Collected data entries
•••

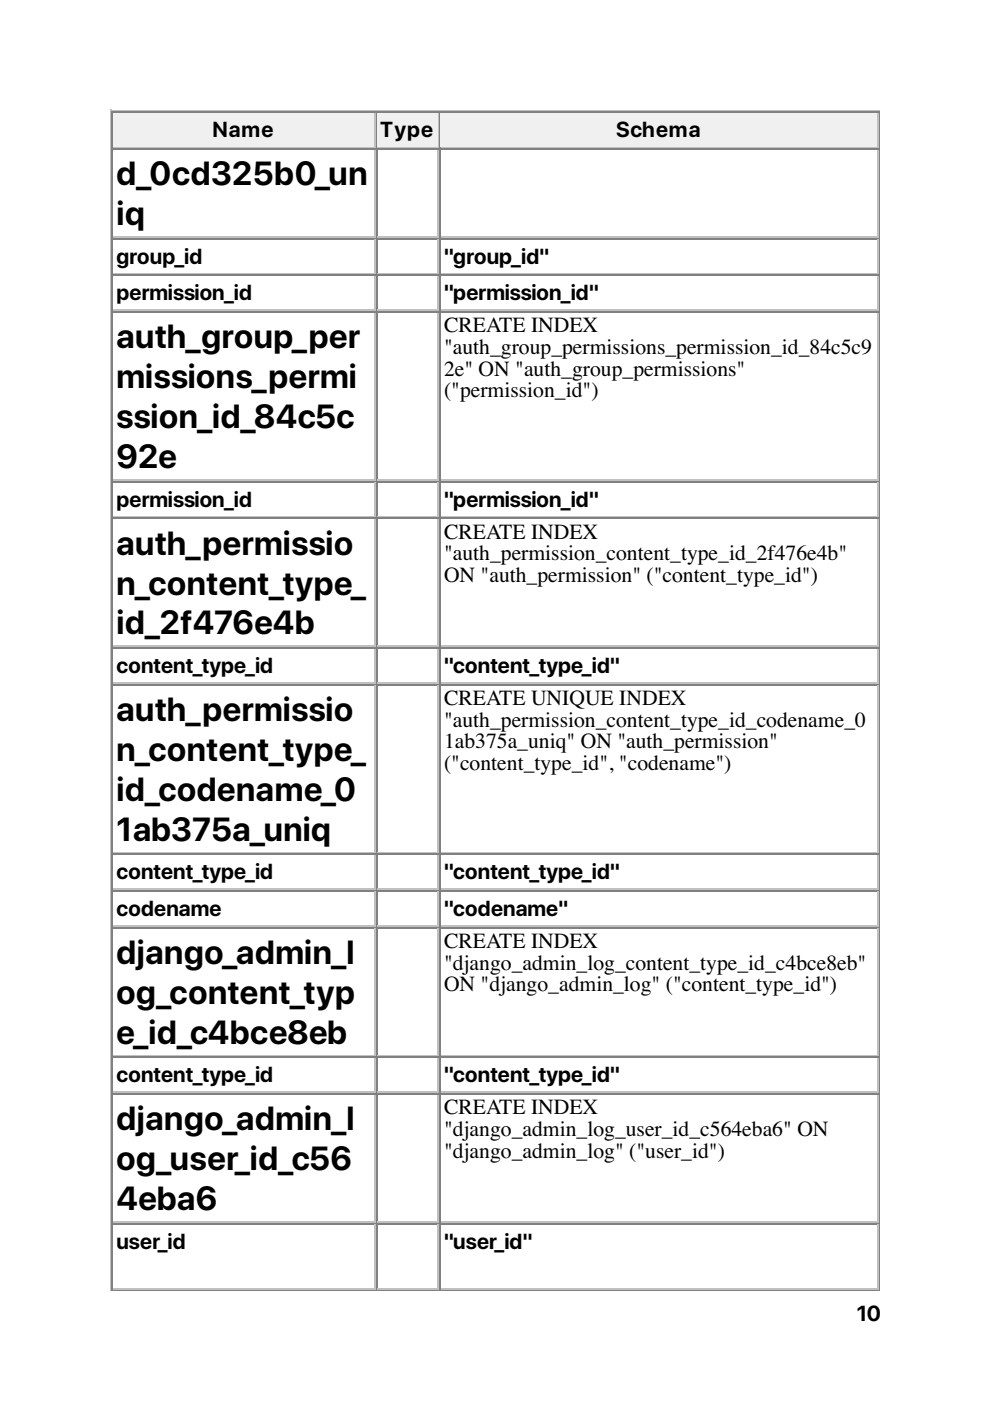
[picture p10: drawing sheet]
<svg xmlns="http://www.w3.org/2000/svg" width="210mm" height="297mm" viewBox="0 0 210 297" stroke-linecap="round" stroke-linejoin="round" font-family="sans-serif">
<defs><g id="words">
<g font-size="7.1">
<text x="24.7" y="39.3">d_0cd325b0_un</text>
<text x="24.7" y="47.7">iq</text>
<text x="24.7" y="73.8">auth_group_per</text>
<text x="24.7" y="82.3">missions_permi</text>
<text x="24.7" y="90.8">ssion_id_84c5c</text>
<text x="24.7" y="99.2">92e</text>
<text x="24.7" y="117.6">auth_permissio</text>
<text x="24.7" y="126.1">n_content_type_</text>
<text x="24.7" y="134.5">id_2f476e4b</text>
<text x="24.7" y="152.9">auth_permissio</text>
<text x="24.7" y="161.3">n_content_type_</text>
<text x="24.7" y="169.8">id_codename_0</text>
<text x="24.7" y="178.3">1ab375a_uniq</text>
<text x="24.7" y="204.4">django_admin_l</text>
<text x="24.7" y="212.8">og_content_typ</text>
<text x="24.7" y="221.3">e_id_c4bce8eb</text>
<text x="24.7" y="239.7">django_admin_l</text>
<text x="24.7" y="248.1">og_user_id_c56</text>
<text x="24.7" y="256.6">4eba6</text>
</g>
<g font-size="4.6">
<text x="45" y="29.1">Name</text>
<text x="80.6" y="29.1">Type</text>
<text x="130.6" y="29.1">Schema</text>
<text x="24.7" y="55.9">group_id</text>
<text x="94.1" y="55.9">&quot;group_id&quot;</text>
<text x="24.7" y="63.7">permission_id</text>
<text x="94.1" y="63.7">&quot;permission_id&quot;</text>
<text x="94.1" y="70.5">CREATE INDEX</text>
<text x="94.1" y="75.1">&quot;auth_group_permissions_permission_id_84c5c9</text>
<text x="94.1" y="79.6">2e&quot; ON &quot;auth_group_permissions&quot;</text>
<text x="94.1" y="84.2">(&quot;permission_id&quot;)</text>
<text x="24.7" y="107.4">permission_id</text>
<text x="94.1" y="107.4">&quot;permission_id&quot;</text>
<text x="94.1" y="114.2">CREATE INDEX</text>
<text x="94.1" y="118.8">&quot;auth_permission_content_type_id_2f476e4b&quot;</text>
<text x="94.1" y="123.4">ON &quot;auth_permission&quot; (&quot;content_type_id&quot;)</text>
<text x="24.7" y="142.7">content_type_id</text>
<text x="94.1" y="142.7">&quot;content_type_id&quot;</text>
<text x="94.1" y="149.5">CREATE UNIQUE INDEX</text>
<text x="94.1" y="154.1">&quot;auth_permission_content_type_id_codename_0</text>
<text x="94.1" y="158.7">1ab375a_uniq&quot; ON &quot;auth_permission&quot;</text>
<text x="94.1" y="163.2">(&quot;content_type_id&quot;, &quot;codename&quot;)</text>
<text x="24.7" y="186.5">content_type_id</text>
<text x="94.1" y="186.5">&quot;content_type_id&quot;</text>
<text x="24.7" y="194.2">codename</text>
<text x="94.1" y="194.2">&quot;codename&quot;</text>
<text x="94.1" y="201">CREATE INDEX</text>
<text x="94.1" y="205.6">&quot;django_admin_log_content_type_id_c4bce8eb&quot;</text>
<text x="94.1" y="210.2">ON &quot;django_admin_log&quot; (&quot;content_type_id&quot;)</text>
<text x="24.7" y="229.5">content_type_id</text>
<text x="94.1" y="229.5">&quot;content_type_id&quot;</text>
<text x="94.1" y="236.3">CREATE INDEX</text>
<text x="94.1" y="240.9">&quot;django_admin_log_user_id_c564eba6&quot; ON</text>
<text x="94.1" y="245.4">&quot;django_admin_log&quot; (&quot;user_id&quot;)</text>
<text x="24.7" y="264.8">user_id</text>
<text x="94.1" y="264.8">&quot;user_id&quot;</text>
<text x="181.7" y="280.1">10</text>
</g>
</g></defs>
<path d="M23.5 23.3v250.5M23.6 23.5h163M24 31.2h55.7M79.6 24v7" fill="none" stroke="#c0c0c0" stroke-width=".35"/>
<path d="M23.8 23.6v7.8M24 23.8h55.7M186.4 23.6v249.8M23.6 273.6h163" fill="none" stroke="#808080" stroke-width=".35"/>
<g fill="#f0f0f0">
<path d="M24 24h55.2v7h-55.2z"/>
<path d="M44.8 24.7h13.4v5.6h-13.4z"/>
</g>
<path d="M79.9 23.6v7.8M80.1 23.8h13" fill="none" stroke="#808080" stroke-width=".35"/>
<path d="M80.1 31.2h13M93 24v7" fill="none" stroke="#c0c0c0" stroke-width=".35"/>
<g fill="#f0f0f0">
<path d="M79.9 24h12.8v7h-12.8z"/>
<path d="M80.4 24.7h11.7v5.6h-11.7z"/>
</g>
<path d="M93.3 23.6v7.8M93.5 23.8h92.8" fill="none" stroke="#808080" stroke-width=".35"/>
<path d="M93.5 31.2h92.8M186.1 24v7" fill="none" stroke="#c0c0c0" stroke-width=".35"/>
<g fill="#f0f0f0">
<path d="M93.4 24h92.5v7h-92.5z"/>
<path d="M130.5 24.7h18.4v5.6h-18.4z"/>
</g>
<g fill="none" stroke="#808080" stroke-width=".35">
<path d="M23.8 31.4v242M24 31.6h55.7M79.9 31.4v242M80.1 31.6h13M93.3 31.4v242M93.5 31.6h92.8M24 50.6h55.7M24 58.4h55.7M80.1 50.6h13M80.1 58.4h13M93.5 50.6h92.8M93.5 58.4h92.8"/>
<path d="M24 66.1h55.7M80.1 66.1h13M93.5 66.1h92.8M24 102.1h55.7M24 109.9h55.7M80.1 102.1h13M80.1 109.9h13M93.5 102.1h92.8M93.5 109.9h92.8M24 137.4h55.7M80.1 137.4h13M93.5 137.4h92.8"/>
<path d="M24 145.2h55.7M80.1 145.2h13M93.5 145.2h92.8M24 181.2h55.7M24 188.9h55.7M24 196.7h55.7M80.1 181.2h13M80.1 188.9h13M80.1 196.7h13M93.5 181.2h92.8M93.5 188.9h92.8M93.5 196.7h92.8"/>
<path d="M24 224.2h55.7M24 232h55.7M80.1 224.2h13M80.1 232h13M93.5 224.2h92.8M93.5 232h92.8M24 259.5h55.7M80.1 259.5h13M93.5 259.5h92.8"/>
</g>
<g fill="none" stroke="#c0c0c0" stroke-width=".35">
<path d="M79.6 31.8v18.3M93 31.8v18.3M186.1 31.8v18.3M24 50.3h55.7M24 58h55.7M79.6 50.8v7.1M79.6 58.6v7M80.1 50.3h13M80.1 58h13M93 50.8v7.1M93 58.6v7M93.5 50.3h92.8"/>
<path d="M93.5 58h92.8M186.1 50.8v7.1M186.1 58.6v7M24 65.8h55.7M79.6 66.3v35.3M80.1 65.8h13M93 66.3v35.3M93.5 65.8h92.8M186.1 66.3v35.3M24 101.8h55.7M24 109.5h55.7M79.6 102.3v7.1"/>
<path d="M79.6 110.1v26.8M80.1 101.8h13M80.1 109.5h13M93 102.3v7.1M93 110.1v26.8M93.5 101.8h92.8M93.5 109.5h92.8M186.1 102.3v7.1M186.1 110.1v26.8M24 137.1h55.7M79.6 137.6v7M80.1 137.1h13"/>
<path d="M93 137.6v7M93.5 137.1h92.8M186.1 137.6v7M24 144.8h55.7M79.6 145.3v35.3M80.1 144.8h13M93 145.3v35.3M93.5 144.8h92.8M186.1 145.3v35.3M24 180.8h55.7M24 188.6h55.7M24 196.3h55.7"/>
<path d="M79.6 181.3v7.1M79.6 189.1v7M79.6 196.8v26.9M80.1 180.8h13M80.1 188.6h13M80.1 196.3h13M93 181.3v7.1M93 189.1v7M93 196.8v26.9M93.5 180.8h92.8M93.5 188.6h92.8M93.5 196.3h92.8"/>
<path d="M186.1 181.3v7.1M186.1 189.1v7M186.1 196.8v26.9M24 223.8h55.7M24 231.6h55.7M79.6 224.4v7M79.6 232.1v26.8M80.1 223.8h13M80.1 231.6h13M93 224.4v7M93 232.1v26.8M93.5 223.8h92.8"/>
<path d="M93.5 231.6h92.8M186.1 224.4v7M186.1 232.1v26.8M24 259.1h55.7M79.6 259.6v13.4M80.1 259.1h13M93 259.6v13.4M93.5 259.1h92.8M186.1 259.6v13.4M24 273.2h55.7M80.1 273.2h13M93.5 273.2h92.8"/>
</g>
<use href="#words"/>
</svg>

•••

Pull every line containing "stroke" out of the records.

<svg xmlns="http://www.w3.org/2000/svg" width="210mm" height="297mm" viewBox="0 0 210 297" stroke-linecap="round" stroke-linejoin="round" font-family="sans-serif">
<path d="M23.5 23.3v250.5M23.6 23.5h163M24 31.2h55.7M79.6 24v7" fill="none" stroke="#c0c0c0" stroke-width=".35"/>
<path d="M23.8 23.6v7.8M24 23.8h55.7M186.4 23.6v249.8M23.6 273.6h163" fill="none" stroke="#808080" stroke-width=".35"/>
<path d="M79.9 23.6v7.8M80.1 23.8h13" fill="none" stroke="#808080" stroke-width=".35"/>
<path d="M80.1 31.2h13M93 24v7" fill="none" stroke="#c0c0c0" stroke-width=".35"/>
<path d="M93.3 23.6v7.8M93.5 23.8h92.8" fill="none" stroke="#808080" stroke-width=".35"/>
<path d="M93.5 31.2h92.8M186.1 24v7" fill="none" stroke="#c0c0c0" stroke-width=".35"/>
<g fill="none" stroke="#808080" stroke-width=".35">
<g fill="none" stroke="#c0c0c0" stroke-width=".35">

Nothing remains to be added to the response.